Along with the aggravated murder charge, an amended information filed Tuesday also charges Grunwald with two counts of attempted aggravated murder, three counts of felony discharge of a firearm, two counts of criminal mischief, aggravated robbery, failure to respond to an officer, possession or use of a controlled substance and violation of operator duties after an accident.
Pead said Tuesday that the amended information differs from the original charges in that two charges of obstruction of justice and one charge of discharge of a firearm were removed because they overlapped with other charges, and one count of criminal mischief was added to account for another vehicle that was allegedly damaged during the crime spree.
According to charging documents, Grunwald and Garcia-Jauregui had been living together for several months at the teen’s mother’s home in Draper.
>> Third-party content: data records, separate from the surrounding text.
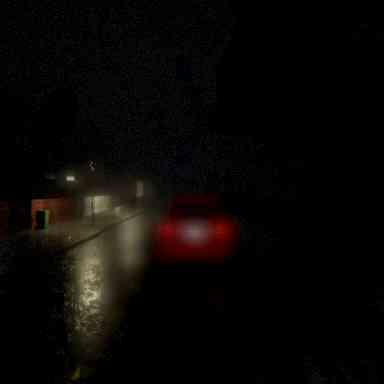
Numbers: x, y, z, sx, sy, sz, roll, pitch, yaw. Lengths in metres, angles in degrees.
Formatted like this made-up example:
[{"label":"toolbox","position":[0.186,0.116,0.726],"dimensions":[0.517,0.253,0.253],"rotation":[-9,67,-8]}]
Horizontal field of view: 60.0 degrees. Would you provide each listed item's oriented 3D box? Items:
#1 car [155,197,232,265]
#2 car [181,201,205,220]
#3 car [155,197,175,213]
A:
[{"label":"car","position":[0.077,1.165,11.531],"dimensions":[2.150,2.045,5.566],"rotation":[0,1,0]},{"label":"car","position":[0.088,1.464,27.611],"dimensions":[1.895,1.301,4.718],"rotation":[0,0,0]},{"label":"car","position":[-2.832,1.349,35.976],"dimensions":[1.812,1.442,4.674],"rotation":[0,0,0]}]
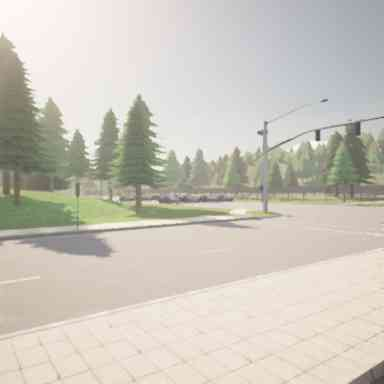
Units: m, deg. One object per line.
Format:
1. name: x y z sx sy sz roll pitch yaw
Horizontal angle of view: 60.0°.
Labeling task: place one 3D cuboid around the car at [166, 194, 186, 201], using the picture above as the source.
1. car: -3.367 1.141 70.319 1.895 1.301 4.718 -1 0 -35

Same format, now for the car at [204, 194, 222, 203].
1. car: 2.448 1.119 55.831 1.812 1.442 4.674 -1 1 -35

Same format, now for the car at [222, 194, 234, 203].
1. car: 5.396 1.116 57.730 1.994 1.385 4.181 -1 0 -35

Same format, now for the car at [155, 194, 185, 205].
1. car: -3.522 1.203 52.134 1.812 1.442 4.674 -1 0 -35

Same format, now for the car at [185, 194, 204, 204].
1. car: -0.780 1.126 54.327 2.128 1.511 4.902 -1 1 -35

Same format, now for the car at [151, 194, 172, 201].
1. car: -6.303 1.101 68.402 2.128 1.511 4.902 -1 1 -35

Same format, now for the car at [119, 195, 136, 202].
1. car: -12.633 1.237 65.201 1.994 1.385 4.181 -1 0 -35

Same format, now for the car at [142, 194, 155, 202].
1. car: -9.659 1.130 67.070 2.128 1.511 4.902 -1 1 -35
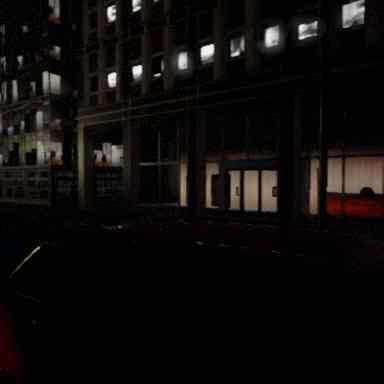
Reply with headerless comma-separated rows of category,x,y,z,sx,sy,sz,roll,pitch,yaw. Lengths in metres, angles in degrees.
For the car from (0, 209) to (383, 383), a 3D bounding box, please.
car,-0.526,1.199,3.317,5.009,1.841,2.192,1,3,37

The couple planned to wed when Grunwald turned 18 in August.
The girl’s grandmother, Renate Grunwald, has told The Salt Lake Tribune that her granddaughter met Garcia-Jauregui six months before the fatal shooting. Both were working at a meat packaging plant in Draper.
Renate Grunwald said when Garcia-Jauregui moved into Grunwald’s home, it set off a conflict between her parents, Jerry Grunwald and Tori Grunwald. Jerry — who is Renate’s son — wanted Garcia-Jauregui out of the house but, according to Renate, Tori wanted to let him stay.
Garcia-Jauregui was paroled in December 2012 from the Utah State Prison after serving five years of a one-to-15-year sentence for 2008 convictions for attempted murder and aggravated assault.